(Exercise data Opens)
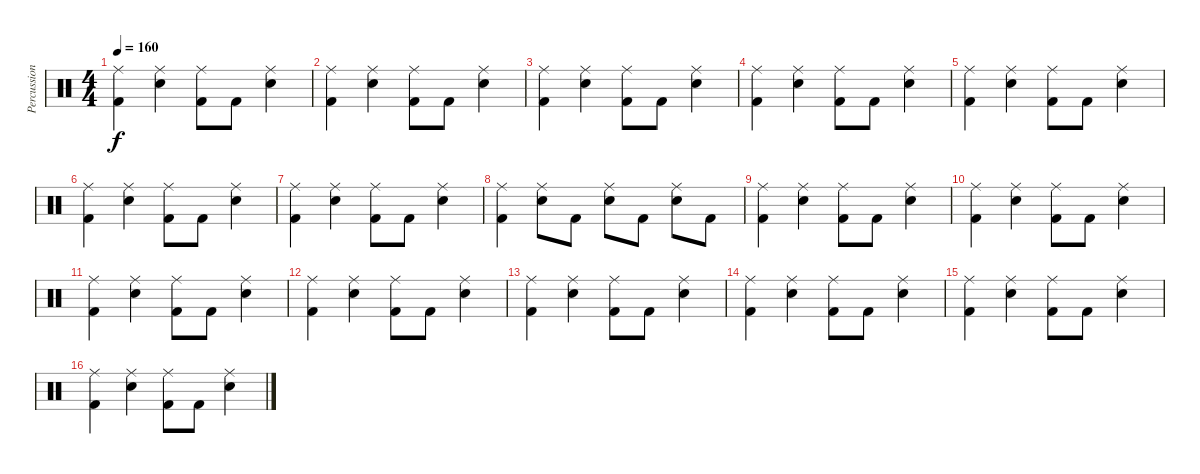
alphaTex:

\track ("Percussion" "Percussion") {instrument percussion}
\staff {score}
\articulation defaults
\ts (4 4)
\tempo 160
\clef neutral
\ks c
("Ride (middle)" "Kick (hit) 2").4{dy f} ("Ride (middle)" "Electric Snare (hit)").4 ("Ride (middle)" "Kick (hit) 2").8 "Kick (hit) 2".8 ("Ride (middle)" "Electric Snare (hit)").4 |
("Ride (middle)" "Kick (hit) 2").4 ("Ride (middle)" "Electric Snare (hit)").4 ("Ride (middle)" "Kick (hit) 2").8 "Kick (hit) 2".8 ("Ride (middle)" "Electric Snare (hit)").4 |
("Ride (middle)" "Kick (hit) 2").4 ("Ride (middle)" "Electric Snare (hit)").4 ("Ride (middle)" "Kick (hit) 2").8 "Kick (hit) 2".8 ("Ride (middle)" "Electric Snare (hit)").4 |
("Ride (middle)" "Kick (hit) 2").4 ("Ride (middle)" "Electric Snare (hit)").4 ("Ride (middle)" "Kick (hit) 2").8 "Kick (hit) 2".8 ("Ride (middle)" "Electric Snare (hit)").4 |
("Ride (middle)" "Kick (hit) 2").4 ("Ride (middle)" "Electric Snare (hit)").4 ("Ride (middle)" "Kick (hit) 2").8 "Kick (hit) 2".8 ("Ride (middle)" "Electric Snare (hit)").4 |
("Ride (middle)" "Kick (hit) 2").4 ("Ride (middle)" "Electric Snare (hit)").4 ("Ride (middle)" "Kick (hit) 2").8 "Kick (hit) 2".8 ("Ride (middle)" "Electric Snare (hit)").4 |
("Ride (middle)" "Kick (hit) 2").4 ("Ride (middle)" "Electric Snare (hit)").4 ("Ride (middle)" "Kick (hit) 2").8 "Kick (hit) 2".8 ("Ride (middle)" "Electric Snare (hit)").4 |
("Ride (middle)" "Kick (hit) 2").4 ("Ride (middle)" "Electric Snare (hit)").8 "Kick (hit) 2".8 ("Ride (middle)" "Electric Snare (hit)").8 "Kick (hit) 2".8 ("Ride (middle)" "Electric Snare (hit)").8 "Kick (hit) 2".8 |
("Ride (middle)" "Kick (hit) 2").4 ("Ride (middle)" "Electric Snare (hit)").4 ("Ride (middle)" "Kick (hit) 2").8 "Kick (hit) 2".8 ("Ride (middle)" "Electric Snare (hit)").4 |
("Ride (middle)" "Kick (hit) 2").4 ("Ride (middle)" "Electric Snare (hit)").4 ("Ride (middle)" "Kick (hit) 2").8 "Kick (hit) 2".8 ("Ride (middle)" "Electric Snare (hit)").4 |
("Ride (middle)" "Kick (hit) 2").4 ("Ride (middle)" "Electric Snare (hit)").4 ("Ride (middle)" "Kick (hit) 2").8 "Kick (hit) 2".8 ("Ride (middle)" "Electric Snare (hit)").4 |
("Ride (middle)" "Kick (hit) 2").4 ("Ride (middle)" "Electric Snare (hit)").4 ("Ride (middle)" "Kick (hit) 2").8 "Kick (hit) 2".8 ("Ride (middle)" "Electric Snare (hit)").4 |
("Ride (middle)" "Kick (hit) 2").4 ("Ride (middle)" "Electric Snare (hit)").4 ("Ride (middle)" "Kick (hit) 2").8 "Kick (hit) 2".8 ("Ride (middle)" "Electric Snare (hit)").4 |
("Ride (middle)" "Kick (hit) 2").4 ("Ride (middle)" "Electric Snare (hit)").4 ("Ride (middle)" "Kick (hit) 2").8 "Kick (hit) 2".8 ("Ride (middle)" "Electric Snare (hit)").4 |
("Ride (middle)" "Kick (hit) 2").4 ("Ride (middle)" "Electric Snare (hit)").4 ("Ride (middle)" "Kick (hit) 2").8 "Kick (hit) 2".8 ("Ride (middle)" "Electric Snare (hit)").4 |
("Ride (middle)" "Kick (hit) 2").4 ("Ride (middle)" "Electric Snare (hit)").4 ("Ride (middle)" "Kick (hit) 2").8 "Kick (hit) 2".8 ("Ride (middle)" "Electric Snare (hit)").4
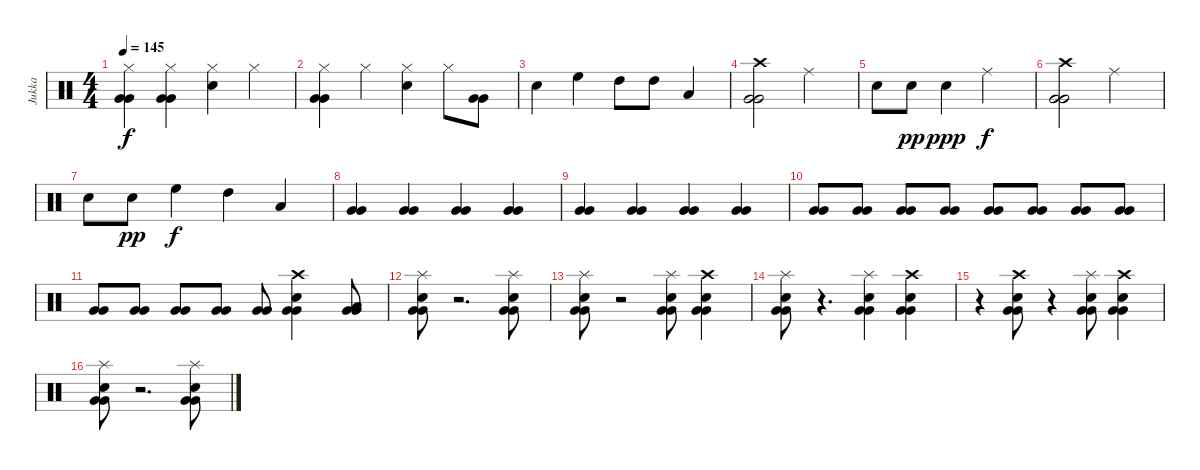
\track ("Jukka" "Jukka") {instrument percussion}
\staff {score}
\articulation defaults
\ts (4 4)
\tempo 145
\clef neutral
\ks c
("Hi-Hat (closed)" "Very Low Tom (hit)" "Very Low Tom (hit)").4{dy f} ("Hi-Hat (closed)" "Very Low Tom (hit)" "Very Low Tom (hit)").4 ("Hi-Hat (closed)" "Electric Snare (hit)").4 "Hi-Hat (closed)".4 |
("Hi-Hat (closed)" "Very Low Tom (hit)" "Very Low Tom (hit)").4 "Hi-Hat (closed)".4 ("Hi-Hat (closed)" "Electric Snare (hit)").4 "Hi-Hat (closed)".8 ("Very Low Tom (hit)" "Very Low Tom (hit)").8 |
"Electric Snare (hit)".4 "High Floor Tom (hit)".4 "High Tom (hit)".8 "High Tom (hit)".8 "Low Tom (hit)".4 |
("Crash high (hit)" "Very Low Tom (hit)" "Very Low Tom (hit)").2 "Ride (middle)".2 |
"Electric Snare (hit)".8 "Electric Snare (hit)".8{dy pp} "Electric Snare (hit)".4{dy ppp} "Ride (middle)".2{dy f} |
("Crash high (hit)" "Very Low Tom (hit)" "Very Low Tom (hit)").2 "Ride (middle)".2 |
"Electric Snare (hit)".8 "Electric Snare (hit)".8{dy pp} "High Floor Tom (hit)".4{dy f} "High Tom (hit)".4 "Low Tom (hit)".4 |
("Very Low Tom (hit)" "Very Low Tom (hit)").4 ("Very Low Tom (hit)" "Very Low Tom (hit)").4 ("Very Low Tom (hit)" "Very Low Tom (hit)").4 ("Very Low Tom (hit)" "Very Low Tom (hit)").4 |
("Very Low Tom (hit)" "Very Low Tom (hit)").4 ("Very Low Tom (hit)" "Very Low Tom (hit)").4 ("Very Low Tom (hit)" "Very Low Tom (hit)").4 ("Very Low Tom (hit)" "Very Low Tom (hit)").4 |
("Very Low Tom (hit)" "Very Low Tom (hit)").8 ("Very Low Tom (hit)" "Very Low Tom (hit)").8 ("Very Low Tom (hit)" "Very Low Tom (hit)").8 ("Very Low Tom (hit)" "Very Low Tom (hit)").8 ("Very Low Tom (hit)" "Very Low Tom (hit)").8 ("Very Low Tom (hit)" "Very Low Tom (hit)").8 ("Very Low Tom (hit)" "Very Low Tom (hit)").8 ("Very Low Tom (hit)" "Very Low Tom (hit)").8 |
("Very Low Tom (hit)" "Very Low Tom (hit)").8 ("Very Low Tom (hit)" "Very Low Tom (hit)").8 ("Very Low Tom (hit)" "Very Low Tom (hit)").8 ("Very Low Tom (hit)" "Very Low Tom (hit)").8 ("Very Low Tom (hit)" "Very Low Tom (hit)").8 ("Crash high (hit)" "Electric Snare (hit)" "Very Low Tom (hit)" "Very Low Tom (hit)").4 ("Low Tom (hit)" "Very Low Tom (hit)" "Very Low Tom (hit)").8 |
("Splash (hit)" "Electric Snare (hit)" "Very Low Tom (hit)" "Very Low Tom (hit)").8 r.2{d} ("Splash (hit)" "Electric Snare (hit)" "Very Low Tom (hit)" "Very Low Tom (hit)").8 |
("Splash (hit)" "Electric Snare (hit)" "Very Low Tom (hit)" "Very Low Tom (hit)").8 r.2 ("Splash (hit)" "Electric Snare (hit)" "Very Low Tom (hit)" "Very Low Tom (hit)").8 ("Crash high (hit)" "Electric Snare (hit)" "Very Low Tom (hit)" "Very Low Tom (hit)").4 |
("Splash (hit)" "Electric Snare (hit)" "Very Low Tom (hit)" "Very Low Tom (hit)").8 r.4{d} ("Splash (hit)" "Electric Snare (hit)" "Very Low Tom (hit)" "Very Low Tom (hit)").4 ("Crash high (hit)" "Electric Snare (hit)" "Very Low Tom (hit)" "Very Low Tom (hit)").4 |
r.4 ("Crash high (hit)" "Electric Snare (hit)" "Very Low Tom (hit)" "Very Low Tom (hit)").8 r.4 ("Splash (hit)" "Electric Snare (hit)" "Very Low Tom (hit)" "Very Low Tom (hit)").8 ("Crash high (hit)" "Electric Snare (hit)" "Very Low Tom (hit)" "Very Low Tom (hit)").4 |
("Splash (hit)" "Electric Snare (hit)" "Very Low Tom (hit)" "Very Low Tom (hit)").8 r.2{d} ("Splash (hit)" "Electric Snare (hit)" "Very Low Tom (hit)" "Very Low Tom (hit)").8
(Exercise data Closes)
- _What needs to be done_:
Look through the entries and find each line that has the string "closed". Copy those lines.

- _Your response_:
("Hi-Hat (closed)" "Very Low Tom (hit)" "Very Low Tom (hit)").4{dy f} ("Hi-Hat (closed)" "Very Low Tom (hit)" "Very Low Tom (hit)").4 ("Hi-Hat (closed)" "Electric Snare (hit)").4 "Hi-Hat (closed)".4 |
("Hi-Hat (closed)" "Very Low Tom (hit)" "Very Low Tom (hit)").4 "Hi-Hat (closed)".4 ("Hi-Hat (closed)" "Electric Snare (hit)").4 "Hi-Hat (closed)".8 ("Very Low Tom (hit)" "Very Low Tom (hit)").8 |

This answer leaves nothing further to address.